1Monroe Carell Jr. Children's Hospital at Vanderbilt, Nashville, TN, USA, 2Nationwide Children's Hospital, Columbus, OH, USA, 3James Whitcomb Riley Children's Hospital, Indianapolis, IN, USA.

BACKGROUND: Sacral neuromodulation (SNM) has become a treatment option for children with refractory voiding dysfunction, with the optimal outcome being surgical removal after sustained improvement in symptoms even after device deactivation. However, multi-institutional long term outcomes after stage 2 SNM placement are lacking. We aimed to define the cause and timing of elective removal of 2 stage SNM and to identify predictive factors for success of SNM in children with non-neurogenic refractory voiding dysfunction. METHODS: A prospective multi-institutional database from 2010-2018 was queried for all 2-stage SNM patients. Patients whose devices were electively removed were categorized into 2 groups: successes (symptoms resolved with device off) and failures (removal required for reasons other than success). We excluded device removals performed for device infection. Clinical data and voiding score symptoms were collected. Analysis was conducted and statistical significance was set a priori at p<.05. RESULTS: 196 patients had successful 2-stage SMN procedure. Median age was 15.9 years (IQR 12.95-17.8), 131 (67%) were female, 111 (82%) were white/Caucasian, 112 (59%) were privately insured, and median BMI at time of 1st stage was 21. A total of 90% of patients reported at least 75% perceived improvement compared to baseline at their last follow-up visit. Forty patients had their device electively removed for non-infectious reasons: 24 for success, 16 for failure. Median time to removal was 48.5 (35.5 - 68.8) months for the success group and 28.0 (14.5 - 46.0) months for the failure group. Failures were categorized as: persistent symptoms (6/16, 38%), untoward effects (2/16, 12%), patient non-compliance (2/16, 12%) or other (6/16, 38%). There were no differences in demographic variables, prior treatments, BMI, completion of pre-operative urodynamics, or voiding questionnaire scores between the successful and failure removal groups.
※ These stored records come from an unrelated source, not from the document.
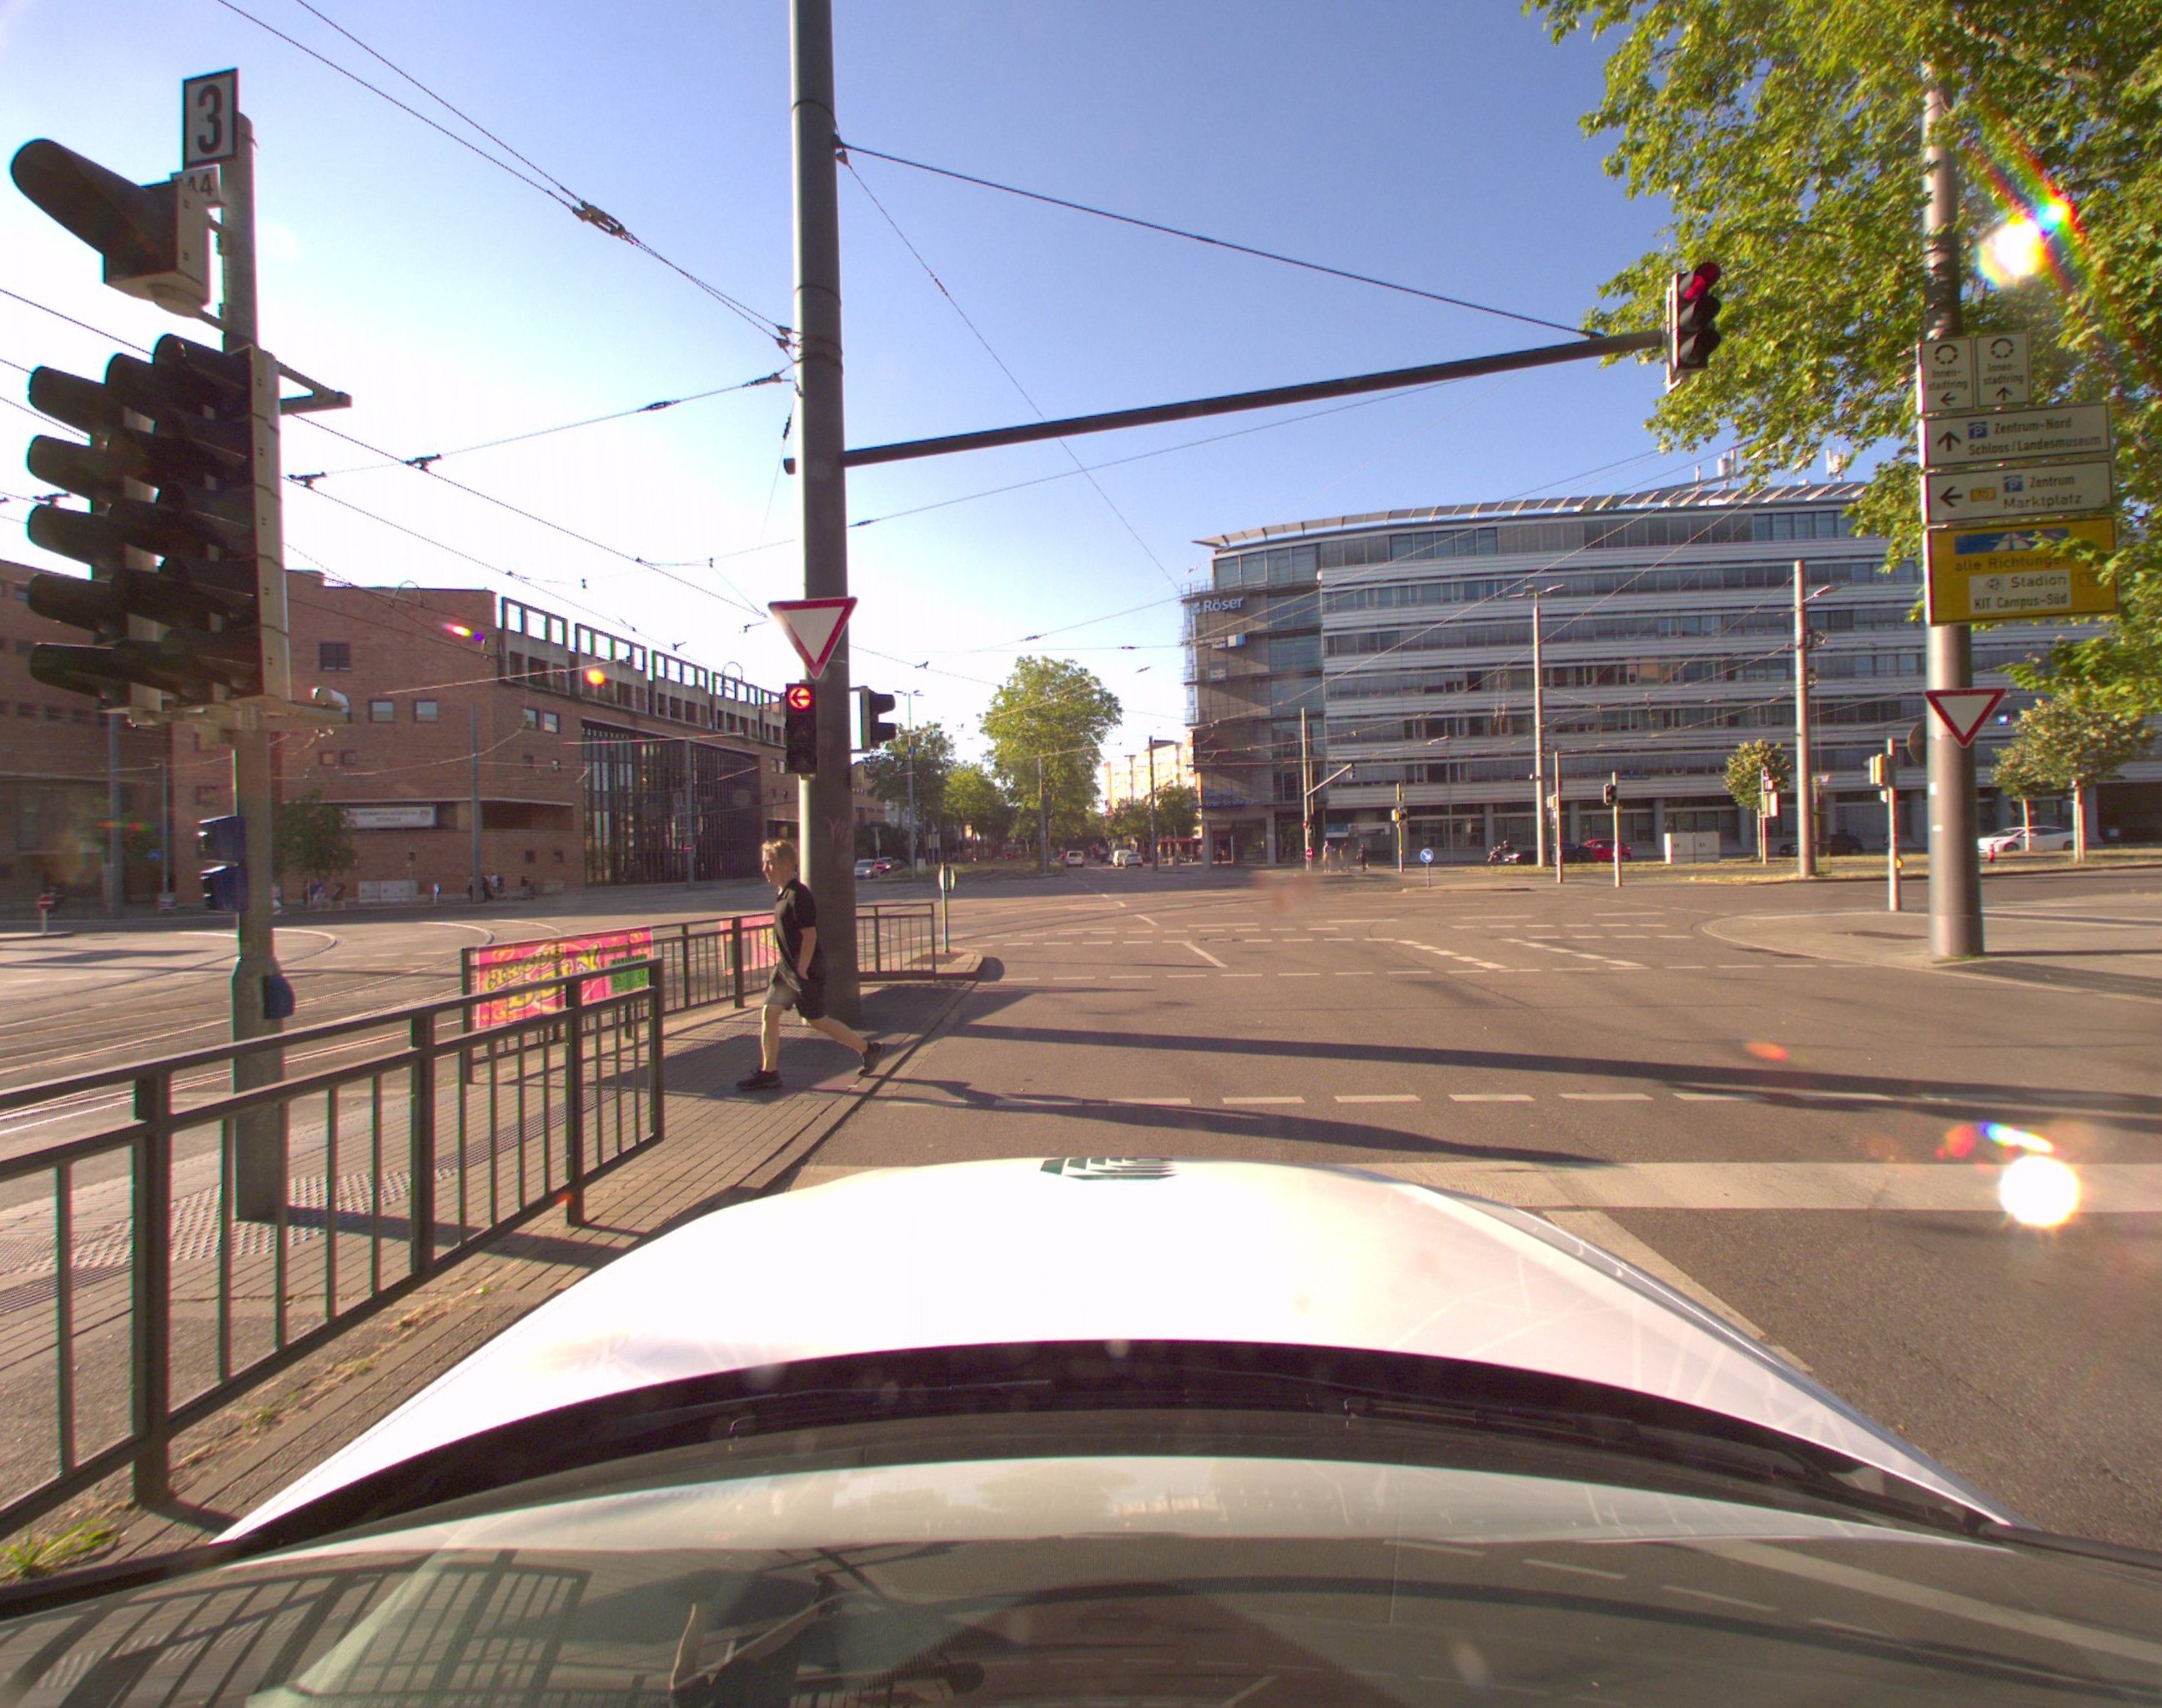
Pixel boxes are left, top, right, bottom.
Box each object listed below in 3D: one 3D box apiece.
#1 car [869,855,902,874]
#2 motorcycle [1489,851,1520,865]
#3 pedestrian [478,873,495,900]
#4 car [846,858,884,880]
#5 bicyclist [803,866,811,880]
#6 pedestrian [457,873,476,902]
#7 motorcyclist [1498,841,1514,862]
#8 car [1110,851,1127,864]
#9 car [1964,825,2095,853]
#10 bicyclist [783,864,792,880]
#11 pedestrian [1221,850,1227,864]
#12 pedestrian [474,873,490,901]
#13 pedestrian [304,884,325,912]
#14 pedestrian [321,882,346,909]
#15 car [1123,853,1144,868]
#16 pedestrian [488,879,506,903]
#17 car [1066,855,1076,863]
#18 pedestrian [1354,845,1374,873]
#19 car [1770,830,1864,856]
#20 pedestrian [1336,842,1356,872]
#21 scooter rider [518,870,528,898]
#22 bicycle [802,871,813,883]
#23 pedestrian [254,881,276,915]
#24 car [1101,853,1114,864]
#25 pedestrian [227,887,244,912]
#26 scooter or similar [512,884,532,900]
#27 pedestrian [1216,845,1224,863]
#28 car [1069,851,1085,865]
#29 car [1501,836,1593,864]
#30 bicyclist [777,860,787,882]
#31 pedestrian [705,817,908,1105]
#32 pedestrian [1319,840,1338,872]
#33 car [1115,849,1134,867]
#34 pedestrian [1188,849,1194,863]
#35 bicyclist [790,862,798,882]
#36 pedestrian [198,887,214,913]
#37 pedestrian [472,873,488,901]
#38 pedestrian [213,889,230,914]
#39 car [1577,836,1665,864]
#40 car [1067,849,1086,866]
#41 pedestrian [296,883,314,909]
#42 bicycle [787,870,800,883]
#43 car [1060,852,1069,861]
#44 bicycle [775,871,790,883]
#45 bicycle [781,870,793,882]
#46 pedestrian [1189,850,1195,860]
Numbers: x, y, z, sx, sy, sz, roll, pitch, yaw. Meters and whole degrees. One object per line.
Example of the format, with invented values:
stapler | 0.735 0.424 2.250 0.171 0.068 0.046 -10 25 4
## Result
car | -18.114 0.963 75.530 1.987 1.640 4.001 -2 0 1
motorcycle | 25.480 0.239 49.013 1.560 0.810 0.468 -2 0 6
pedestrian | -36.941 2.031 50.637 0.617 1.625 0.610 -2 0 -14
car | -18.003 1.220 67.955 1.987 1.640 4.001 -2 0 1
bicyclist | -24.300 1.710 72.252 0.503 1.179 0.581 -2 0 1
pedestrian | -37.033 2.018 49.068 0.620 1.683 0.648 -2 0 -12
motorcyclist | 25.575 -0.144 49.027 0.708 1.275 0.460 -2 0 5
car | 4.823 0.477 105.298 1.986 1.618 4.002 -2 0 2
car | 50.739 -0.789 43.653 4.580 1.336 1.789 -2 0 7
bicyclist | -25.062 1.514 69.458 0.503 1.304 0.581 -2 0 1
pedestrian | 16.013 0.299 91.029 0.608 1.507 0.580 -2 0 9
pedestrian | -36.692 2.006 49.908 0.548 1.683 0.571 -2 0 -13
pedestrian | -39.901 2.283 42.375 0.562 1.453 0.618 -2 0 30
pedestrian | -38.083 2.097 41.486 0.597 1.339 0.685 -2 0 22
car | 5.292 0.621 82.824 1.986 1.376 4.002 -2 0 2
pedestrian | -35.846 2.248 49.997 0.598 1.421 0.640 -2 0 -10
car | -1.788 0.933 147.253 1.792 1.442 3.999 0 -1 0
pedestrian | 16.314 0.263 46.950 0.942 1.564 0.900 -2 0 11
car | 46.763 -0.692 51.837 4.136 1.398 1.789 -2 0 7
pedestrian | 15.613 0.171 47.957 0.907 1.685 1.038 -2 0 9
scooter rider | -33.720 1.809 49.201 0.441 1.647 0.226 -2 0 -44
bicycle | -24.236 2.043 72.157 0.449 0.963 1.348 -2 0 2
pedestrian | -39.824 2.146 39.745 0.593 1.648 0.552 -2 0 26
car | 4.096 0.656 126.780 1.986 1.618 4.002 -2 0 2
pedestrian | -49.435 2.666 47.599 0.549 1.427 0.563 -2 0 32
scooter or similar | -33.726 2.280 49.153 0.956 0.899 0.173 -2 0 -45
pedestrian | 12.301 -0.011 72.094 0.608 1.507 0.580 -2 0 9
car | -0.528 0.515 113.367 1.986 1.912 4.002 -2 0 2
car | 26.357 -0.224 46.173 4.136 1.398 1.789 -2 0 7
bicyclist | -24.318 1.400 66.335 0.534 1.731 0.581 -2 0 1
pedestrian | -1.870 0.646 5.589 1.098 1.748 0.734 -1 0 -42
pedestrian | 14.263 0.110 46.970 0.859 1.788 0.873 -2 0 8
car | 4.746 0.450 89.642 1.986 1.860 4.002 -2 0 2
pedestrian | 14.172 0.271 104.823 0.741 1.714 0.612 -2 0 1
bicyclist | -23.439 1.436 66.510 0.456 1.603 0.581 -2 0 1
pedestrian | -50.172 2.624 46.694 0.537 1.463 0.583 -2 0 -45
pedestrian | -35.834 1.960 48.537 0.551 1.683 0.588 -2 0 -18
pedestrian | -49.703 2.724 47.114 0.547 1.409 0.577 -2 0 35
car | 32.081 -0.250 48.468 3.966 1.393 1.789 -4 0 7
car | -0.509 0.405 93.513 1.953 1.848 5.333 -2 0 2
pedestrian | -46.092 2.507 48.378 0.548 1.506 0.489 -2 0 -12
bicycle | -23.436 1.841 66.401 0.471 0.963 1.576 -2 0 2
car | -3.884 0.673 191.718 1.986 2.013 4.001 -2 0 1
bicycle | -24.296 1.872 66.314 0.540 0.963 1.587 -2 0 2
bicycle | -25.044 1.852 69.483 0.466 0.963 1.320 -2 0 2
pedestrian | 14.470 0.140 106.146 0.575 1.289 0.910 -2 0 2

CONCLUSIONS: Within our large, multi-institutional cohort, we demonstrate high likelihood of success after 2-stage SNM and that 40/196 (20%) of SNM devices have been removed for non-infectious reasons: 24 (60%) for success and 16 (40%) for failure. Despite the multi-institutional effort, the small number of events precluded additional analysis to determine preoperative indicators of successful removal. Additionally, this study provides useful counseling data regarding likelihood of device removal for either success or failure.